Lenders Adjusting to a New Reality: Tighter Belts

As mortgage bankers prepare for a new refinancing wave, they are struggling to digest the enduring effect of the last one - a strict new emphasis on the bottom line.

The signs were everywhere last year.

In December, PNC Mortgage, Vernon Hills, Ill., announced it would no longer buy loans from wholesale brokers, which wrote up to 20% of all PNC's loans. The company said it was paying too much for low-quality loans, and preferred to focus on writing loans through its own loan officers.

Earlier in 1995, GE Capital Mortgage discontinued its retail lending program, through which mostly small lenders had written GE loans. The program had never generated large volumes, and reportedly did not make enough profit to satisfy a more cost-conscious approach at GE.

Some players chose to exit the mortgage business altogether. Notably, Prudential Life Insurance Co.'s mortgage unit was put up for sale, and Wells Fargo hired Norwest Mortgage Inc. to write its home loans.

Industry executives say that a host of factors conspired to create a new emphasis on cost cutting in a hitherto more relaxed business.

The mortgage industry, which expanded to write a record $1 trillion of loans in 1993, continues to be too large for current volumes - estimated at $654 billion last year, and $765 billion this year. Fierce competition has driven down prices, forcing a new focus on costs.

And the influx of new capital, primarily from commercial banks, is changing the economics of the industry. The largest lenders can afford to buy, and constantly improve, expensive computer systems to originate and service ever larger volumes of loans. At these companies, the costs of originating and servicing each loan is consistently going down, and everyone must strive to keep up.

"The name of the game is keeping your costs down on everything, every little operation - the cost of borrowing money, the cost of distribution to the public," said David Loeb, chairman of Countrywide Credit Industries, Pasadena, Calif.

Within that context, Mr. Loeb and other executives said PNC's decision to abandon the wholesale purchase of loans from mortgage brokers makes eminent sense.

"There's no money in wholesale lending. The brokers get everything and then some," Mr. Loeb said. Countrywide is building up its direct business with consumers, in order to decrease its reliance on third parties, he said.

Fees to mortgage brokers have climbed in the last few years, as lenders jockey for volume by offering lucrative deals to brokers. Brokers these days get not only all the origination fees but also a portion of the servicing release premium, noted Saiyid T. Naqvi, chief executive of PNC Mortgage.

In addition, loans made by brokers tend to be refinanced more quickly, he said. When rates go down, brokers are quick to resolicit their customers. These and other factors led PNC to abandon the wholesale business, Mr. Naqvi said.

PNC's exit from wholesale lending is the latest sign that the mortgage business is rationalizing, said Luke Hayden of Chemical Residential Mortgage. In other words, players are adjusting their strategies to match the real costs and profits of the mortgage business.

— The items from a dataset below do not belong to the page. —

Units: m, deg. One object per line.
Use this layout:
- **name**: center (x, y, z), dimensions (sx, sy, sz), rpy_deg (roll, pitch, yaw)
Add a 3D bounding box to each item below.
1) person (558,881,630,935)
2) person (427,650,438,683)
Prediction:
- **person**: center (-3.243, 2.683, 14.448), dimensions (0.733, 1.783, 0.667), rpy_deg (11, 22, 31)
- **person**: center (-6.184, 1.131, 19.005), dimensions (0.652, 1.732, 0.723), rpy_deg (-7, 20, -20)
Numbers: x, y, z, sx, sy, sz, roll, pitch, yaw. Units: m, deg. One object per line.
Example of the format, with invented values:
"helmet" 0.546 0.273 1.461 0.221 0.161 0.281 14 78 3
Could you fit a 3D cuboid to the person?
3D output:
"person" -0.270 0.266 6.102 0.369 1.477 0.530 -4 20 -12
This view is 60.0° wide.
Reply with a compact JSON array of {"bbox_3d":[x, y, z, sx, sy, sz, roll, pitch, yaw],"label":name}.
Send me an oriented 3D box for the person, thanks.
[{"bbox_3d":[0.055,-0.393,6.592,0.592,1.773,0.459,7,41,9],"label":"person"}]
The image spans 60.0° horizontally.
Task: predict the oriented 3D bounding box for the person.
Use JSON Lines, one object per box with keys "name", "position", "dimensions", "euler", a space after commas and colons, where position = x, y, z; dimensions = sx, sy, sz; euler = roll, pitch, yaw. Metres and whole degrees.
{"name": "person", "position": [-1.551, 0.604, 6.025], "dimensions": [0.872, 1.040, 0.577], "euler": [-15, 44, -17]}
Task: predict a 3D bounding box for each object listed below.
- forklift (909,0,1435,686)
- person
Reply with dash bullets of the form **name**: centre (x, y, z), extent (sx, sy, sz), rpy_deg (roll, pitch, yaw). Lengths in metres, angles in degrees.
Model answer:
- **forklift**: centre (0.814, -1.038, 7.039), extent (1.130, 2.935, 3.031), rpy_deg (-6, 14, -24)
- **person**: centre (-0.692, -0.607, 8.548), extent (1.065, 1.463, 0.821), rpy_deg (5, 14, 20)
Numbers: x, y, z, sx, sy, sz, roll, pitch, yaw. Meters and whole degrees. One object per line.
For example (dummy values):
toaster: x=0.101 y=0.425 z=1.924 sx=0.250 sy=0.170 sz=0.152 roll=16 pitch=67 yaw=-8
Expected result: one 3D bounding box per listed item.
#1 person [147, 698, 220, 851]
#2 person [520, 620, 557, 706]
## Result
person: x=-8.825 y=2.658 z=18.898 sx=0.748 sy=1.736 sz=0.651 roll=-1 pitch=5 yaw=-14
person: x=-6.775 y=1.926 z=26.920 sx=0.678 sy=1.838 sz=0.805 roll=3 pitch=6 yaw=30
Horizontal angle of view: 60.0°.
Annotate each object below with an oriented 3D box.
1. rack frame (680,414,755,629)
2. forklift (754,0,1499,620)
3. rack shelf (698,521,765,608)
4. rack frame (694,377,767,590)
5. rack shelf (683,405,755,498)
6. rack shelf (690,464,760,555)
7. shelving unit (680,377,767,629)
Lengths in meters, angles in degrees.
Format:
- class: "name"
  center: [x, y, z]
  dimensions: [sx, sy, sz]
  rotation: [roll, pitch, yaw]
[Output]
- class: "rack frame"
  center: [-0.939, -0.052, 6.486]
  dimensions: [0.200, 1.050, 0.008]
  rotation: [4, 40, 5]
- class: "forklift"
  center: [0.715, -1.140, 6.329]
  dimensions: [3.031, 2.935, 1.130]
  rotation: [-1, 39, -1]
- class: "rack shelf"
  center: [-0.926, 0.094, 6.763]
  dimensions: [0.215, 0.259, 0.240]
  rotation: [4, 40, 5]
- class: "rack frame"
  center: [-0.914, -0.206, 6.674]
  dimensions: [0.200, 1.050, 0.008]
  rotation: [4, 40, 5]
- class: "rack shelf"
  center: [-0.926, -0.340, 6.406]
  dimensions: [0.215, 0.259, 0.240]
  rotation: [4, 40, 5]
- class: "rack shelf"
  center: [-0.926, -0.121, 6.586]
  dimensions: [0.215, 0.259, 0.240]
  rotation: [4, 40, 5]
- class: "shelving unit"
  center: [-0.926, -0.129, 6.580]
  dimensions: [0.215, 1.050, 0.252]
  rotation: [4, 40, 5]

So do the largest lenders, such as Countrywide, Chemical, and Norwest, plan to follow PNC's lead?

Not anytime soon. To exit wholesale lending or any other channel means that you give up a whole segment of the market to your competitors, said Mark Korell, group president of lender and investor services at Norwest Mortgage Inc., Des Moines. That's something that a really large lender just cannot afford to do.

Still, Mr. Korell warned that if brokers charged too much, the pressure to cut back on wholesale lending would mount.

"Brokers have to compete with other forms of production, don't they? If they take too much out of the equation, they're not going to be able to stay in business," he said.

"The moral of the story here is that the mortgage banking industry, like every other industry, over time will act in a rational way," Mr. Korell said. "Capital is movable. Not too many people are going to stay in a business where they can't make adequate returns to their shareholders."